What is required ▸ Without including any pictures, retype exactly the lines from the top of the records through the line containing "for name, color, linetype", that final line included.

:: Records to process

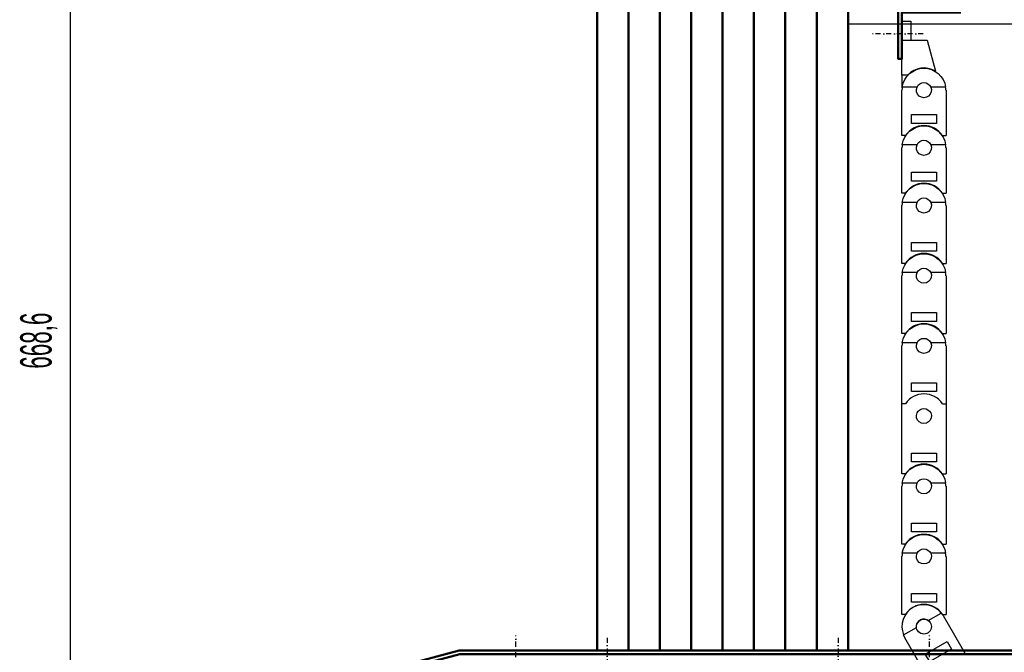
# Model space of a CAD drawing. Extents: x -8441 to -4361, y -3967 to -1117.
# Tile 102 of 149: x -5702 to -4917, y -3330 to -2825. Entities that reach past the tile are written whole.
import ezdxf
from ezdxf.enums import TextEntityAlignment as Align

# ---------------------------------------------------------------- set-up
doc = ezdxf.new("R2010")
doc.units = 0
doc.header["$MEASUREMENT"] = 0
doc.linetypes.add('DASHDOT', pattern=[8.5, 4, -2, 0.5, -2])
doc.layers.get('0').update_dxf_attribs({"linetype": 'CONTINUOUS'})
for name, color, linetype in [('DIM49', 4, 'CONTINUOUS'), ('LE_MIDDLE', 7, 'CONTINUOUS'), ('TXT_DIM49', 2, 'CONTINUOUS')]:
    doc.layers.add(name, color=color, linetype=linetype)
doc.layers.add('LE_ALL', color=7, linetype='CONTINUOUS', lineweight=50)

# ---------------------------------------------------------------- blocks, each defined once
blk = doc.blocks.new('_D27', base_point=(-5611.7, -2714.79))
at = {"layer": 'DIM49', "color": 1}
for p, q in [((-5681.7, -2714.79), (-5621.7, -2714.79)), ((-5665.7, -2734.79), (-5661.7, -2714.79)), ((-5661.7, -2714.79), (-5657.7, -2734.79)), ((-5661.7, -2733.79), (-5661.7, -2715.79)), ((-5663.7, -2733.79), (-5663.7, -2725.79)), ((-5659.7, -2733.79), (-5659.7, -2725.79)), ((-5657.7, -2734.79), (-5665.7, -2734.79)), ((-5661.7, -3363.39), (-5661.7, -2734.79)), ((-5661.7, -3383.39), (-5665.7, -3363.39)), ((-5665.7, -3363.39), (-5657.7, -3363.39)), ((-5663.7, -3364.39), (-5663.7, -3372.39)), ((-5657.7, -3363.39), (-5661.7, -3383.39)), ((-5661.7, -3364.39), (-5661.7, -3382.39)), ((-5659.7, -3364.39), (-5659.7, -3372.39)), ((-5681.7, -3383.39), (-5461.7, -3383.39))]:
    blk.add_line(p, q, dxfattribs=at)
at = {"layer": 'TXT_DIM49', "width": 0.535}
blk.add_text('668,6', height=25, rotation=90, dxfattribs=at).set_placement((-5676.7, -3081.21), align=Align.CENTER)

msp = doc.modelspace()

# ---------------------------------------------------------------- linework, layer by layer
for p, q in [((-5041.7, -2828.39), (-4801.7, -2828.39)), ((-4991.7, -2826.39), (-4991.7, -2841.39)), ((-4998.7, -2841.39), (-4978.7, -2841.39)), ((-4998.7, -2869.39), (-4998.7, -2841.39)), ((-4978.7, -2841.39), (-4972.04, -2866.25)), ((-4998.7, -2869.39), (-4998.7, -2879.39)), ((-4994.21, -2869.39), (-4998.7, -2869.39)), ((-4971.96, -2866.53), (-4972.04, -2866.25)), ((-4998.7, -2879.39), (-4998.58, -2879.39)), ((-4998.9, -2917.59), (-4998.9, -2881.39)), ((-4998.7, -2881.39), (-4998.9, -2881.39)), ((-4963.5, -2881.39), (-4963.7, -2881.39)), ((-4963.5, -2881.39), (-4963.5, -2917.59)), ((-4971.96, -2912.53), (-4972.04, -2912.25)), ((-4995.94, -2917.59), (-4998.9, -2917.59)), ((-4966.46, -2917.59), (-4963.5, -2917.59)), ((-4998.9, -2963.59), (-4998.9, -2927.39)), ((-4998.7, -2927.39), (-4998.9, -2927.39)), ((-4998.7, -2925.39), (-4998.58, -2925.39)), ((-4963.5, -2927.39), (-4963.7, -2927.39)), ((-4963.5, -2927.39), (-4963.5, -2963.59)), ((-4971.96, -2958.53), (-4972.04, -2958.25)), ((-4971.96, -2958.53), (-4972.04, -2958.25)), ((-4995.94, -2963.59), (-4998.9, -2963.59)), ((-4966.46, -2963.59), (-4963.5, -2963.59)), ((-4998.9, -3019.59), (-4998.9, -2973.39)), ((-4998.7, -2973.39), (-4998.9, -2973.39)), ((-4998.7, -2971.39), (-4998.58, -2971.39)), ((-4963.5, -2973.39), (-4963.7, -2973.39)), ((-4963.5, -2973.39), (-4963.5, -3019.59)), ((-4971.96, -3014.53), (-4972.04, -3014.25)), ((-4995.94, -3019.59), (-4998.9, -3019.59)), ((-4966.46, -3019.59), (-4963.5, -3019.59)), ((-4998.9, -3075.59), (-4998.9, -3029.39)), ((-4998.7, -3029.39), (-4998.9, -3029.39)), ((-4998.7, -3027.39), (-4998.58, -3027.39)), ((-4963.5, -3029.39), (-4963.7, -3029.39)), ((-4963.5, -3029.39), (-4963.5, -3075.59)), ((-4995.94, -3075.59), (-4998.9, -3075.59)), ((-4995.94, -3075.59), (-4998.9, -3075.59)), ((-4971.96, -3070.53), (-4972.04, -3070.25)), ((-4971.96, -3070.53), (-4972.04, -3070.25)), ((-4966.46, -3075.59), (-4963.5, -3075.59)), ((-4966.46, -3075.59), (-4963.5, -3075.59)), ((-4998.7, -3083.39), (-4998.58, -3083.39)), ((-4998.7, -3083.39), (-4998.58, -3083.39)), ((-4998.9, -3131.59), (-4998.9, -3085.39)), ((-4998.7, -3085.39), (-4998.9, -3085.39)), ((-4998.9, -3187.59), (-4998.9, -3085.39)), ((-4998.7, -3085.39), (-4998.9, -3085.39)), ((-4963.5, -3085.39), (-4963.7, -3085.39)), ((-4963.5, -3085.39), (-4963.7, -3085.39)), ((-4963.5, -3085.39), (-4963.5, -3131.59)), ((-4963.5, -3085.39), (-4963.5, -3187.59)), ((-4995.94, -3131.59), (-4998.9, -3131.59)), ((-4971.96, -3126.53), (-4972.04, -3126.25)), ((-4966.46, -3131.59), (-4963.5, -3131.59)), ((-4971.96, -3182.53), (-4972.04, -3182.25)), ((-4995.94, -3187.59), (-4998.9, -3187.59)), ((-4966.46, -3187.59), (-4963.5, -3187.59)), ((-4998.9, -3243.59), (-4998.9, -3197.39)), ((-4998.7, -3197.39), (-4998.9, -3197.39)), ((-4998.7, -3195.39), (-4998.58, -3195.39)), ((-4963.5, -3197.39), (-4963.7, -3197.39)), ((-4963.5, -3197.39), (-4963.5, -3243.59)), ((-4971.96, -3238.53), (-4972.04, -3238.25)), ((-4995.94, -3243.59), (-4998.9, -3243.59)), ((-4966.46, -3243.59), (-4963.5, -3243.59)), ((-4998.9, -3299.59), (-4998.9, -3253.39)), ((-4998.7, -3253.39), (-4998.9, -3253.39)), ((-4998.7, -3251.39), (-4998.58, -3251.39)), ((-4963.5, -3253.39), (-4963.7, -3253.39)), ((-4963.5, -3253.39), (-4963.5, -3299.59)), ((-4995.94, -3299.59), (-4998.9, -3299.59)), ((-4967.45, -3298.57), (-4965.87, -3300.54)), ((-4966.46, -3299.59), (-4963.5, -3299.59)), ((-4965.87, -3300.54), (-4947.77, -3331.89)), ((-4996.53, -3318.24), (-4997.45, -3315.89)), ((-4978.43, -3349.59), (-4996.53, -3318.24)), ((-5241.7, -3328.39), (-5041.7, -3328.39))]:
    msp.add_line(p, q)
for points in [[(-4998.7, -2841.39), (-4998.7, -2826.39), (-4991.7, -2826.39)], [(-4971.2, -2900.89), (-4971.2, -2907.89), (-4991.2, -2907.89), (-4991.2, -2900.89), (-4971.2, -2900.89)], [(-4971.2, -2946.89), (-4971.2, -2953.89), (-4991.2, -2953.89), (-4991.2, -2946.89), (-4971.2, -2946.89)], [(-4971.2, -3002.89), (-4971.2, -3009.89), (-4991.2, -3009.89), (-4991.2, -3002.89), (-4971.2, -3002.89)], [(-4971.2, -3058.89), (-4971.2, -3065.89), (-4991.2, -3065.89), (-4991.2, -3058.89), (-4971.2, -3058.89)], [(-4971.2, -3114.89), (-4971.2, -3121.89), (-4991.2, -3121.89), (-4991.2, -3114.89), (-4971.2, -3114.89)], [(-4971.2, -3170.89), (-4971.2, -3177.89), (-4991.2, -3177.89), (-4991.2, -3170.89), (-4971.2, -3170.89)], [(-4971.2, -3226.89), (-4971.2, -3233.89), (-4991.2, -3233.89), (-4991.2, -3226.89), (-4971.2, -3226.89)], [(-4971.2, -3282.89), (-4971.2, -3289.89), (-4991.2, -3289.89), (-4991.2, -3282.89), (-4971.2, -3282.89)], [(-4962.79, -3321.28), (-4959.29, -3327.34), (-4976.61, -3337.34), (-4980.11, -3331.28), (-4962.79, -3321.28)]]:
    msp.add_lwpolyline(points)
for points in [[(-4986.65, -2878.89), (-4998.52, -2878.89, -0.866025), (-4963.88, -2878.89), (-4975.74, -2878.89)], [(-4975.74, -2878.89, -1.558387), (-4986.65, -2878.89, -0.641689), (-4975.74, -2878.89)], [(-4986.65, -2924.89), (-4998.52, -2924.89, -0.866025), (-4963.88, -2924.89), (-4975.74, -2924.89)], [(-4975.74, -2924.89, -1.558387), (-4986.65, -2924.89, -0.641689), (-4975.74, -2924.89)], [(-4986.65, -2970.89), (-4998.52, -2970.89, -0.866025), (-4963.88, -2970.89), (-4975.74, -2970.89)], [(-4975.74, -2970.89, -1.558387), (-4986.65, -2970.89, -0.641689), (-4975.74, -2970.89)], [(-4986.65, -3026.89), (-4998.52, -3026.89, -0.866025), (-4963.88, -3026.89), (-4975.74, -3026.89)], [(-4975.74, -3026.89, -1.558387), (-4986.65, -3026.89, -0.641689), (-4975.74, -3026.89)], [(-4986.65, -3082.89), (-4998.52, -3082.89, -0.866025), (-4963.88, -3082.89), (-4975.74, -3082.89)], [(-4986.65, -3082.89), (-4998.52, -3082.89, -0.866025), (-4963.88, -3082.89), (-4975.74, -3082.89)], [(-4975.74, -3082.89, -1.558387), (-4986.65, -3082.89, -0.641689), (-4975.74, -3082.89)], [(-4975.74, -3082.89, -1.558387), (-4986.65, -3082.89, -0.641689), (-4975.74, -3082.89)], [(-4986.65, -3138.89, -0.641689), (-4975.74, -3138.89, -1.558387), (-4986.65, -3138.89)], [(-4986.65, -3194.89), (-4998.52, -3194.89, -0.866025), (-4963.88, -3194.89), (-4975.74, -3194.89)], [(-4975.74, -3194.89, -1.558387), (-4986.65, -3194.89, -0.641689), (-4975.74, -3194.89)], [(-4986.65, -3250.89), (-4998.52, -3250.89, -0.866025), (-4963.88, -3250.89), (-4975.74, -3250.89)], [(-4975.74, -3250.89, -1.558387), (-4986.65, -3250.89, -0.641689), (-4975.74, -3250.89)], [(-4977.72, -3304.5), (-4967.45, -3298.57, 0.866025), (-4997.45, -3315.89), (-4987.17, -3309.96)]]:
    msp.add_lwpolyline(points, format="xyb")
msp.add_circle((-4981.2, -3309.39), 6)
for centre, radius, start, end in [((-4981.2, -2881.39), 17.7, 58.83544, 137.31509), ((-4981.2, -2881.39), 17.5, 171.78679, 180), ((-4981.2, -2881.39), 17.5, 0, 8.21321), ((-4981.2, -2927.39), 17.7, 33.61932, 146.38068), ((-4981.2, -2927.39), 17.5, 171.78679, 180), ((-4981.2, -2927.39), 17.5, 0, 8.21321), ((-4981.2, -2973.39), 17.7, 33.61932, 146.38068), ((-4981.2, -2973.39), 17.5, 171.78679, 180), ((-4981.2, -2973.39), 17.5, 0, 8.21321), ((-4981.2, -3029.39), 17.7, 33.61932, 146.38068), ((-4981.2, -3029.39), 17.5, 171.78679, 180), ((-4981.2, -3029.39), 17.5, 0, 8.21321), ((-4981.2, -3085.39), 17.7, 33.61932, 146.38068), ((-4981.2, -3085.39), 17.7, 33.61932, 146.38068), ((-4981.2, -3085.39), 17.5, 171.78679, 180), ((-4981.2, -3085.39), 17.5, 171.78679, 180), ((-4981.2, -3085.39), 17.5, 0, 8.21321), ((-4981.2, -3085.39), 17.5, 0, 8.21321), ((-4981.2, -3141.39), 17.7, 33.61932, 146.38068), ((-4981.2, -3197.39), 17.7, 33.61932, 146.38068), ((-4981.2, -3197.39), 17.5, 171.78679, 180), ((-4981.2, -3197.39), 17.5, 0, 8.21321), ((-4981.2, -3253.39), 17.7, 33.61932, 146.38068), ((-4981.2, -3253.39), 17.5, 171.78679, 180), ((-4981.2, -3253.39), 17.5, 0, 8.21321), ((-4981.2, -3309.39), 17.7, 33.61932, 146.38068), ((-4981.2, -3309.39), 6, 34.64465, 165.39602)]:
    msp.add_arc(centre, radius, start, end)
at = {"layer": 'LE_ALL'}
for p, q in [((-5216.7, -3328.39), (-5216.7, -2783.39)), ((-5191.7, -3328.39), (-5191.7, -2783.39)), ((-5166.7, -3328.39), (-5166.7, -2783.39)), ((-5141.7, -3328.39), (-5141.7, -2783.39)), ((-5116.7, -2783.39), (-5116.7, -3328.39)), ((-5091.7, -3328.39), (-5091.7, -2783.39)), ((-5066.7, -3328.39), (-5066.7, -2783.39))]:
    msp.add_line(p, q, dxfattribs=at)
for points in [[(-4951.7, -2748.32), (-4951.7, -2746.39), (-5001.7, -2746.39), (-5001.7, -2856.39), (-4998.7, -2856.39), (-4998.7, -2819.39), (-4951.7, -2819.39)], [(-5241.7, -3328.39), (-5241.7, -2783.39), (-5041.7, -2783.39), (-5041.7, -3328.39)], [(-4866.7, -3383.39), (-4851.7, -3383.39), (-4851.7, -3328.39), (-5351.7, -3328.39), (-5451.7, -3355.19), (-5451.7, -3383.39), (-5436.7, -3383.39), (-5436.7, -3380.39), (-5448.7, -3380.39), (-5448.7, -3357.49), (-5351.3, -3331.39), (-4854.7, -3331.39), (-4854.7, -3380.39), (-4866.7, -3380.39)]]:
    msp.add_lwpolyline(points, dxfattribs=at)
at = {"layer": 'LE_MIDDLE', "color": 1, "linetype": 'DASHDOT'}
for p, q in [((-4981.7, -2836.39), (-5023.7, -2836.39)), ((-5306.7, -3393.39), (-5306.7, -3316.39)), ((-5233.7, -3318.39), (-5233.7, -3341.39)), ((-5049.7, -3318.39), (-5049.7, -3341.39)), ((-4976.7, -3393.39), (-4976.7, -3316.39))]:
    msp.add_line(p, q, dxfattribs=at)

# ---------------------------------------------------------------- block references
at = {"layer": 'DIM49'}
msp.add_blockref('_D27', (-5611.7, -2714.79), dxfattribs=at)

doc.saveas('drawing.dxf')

::::

Written solution ▸
# Model space of a CAD drawing. Extents: x -8441 to -4361, y -3967 to -1117.
# Tile 102 of 149: x -5702 to -4917, y -3330 to -2825. Entities that reach past the tile are written whole.
import ezdxf
from ezdxf.enums import TextEntityAlignment as Align

# ---------------------------------------------------------------- set-up
doc = ezdxf.new("R2010")
doc.units = 0
doc.header["$MEASUREMENT"] = 0
doc.linetypes.add('DASHDOT', pattern=[8.5, 4, -2, 0.5, -2])
doc.layers.get('0').update_dxf_attribs({"linetype": 'CONTINUOUS'})
for name, color, linetype in [('DIM49', 4, 'CONTINUOUS'), ('LE_MIDDLE', 7, 'CONTINUOUS'), ('TXT_DIM49', 2, 'CONTINUOUS')]:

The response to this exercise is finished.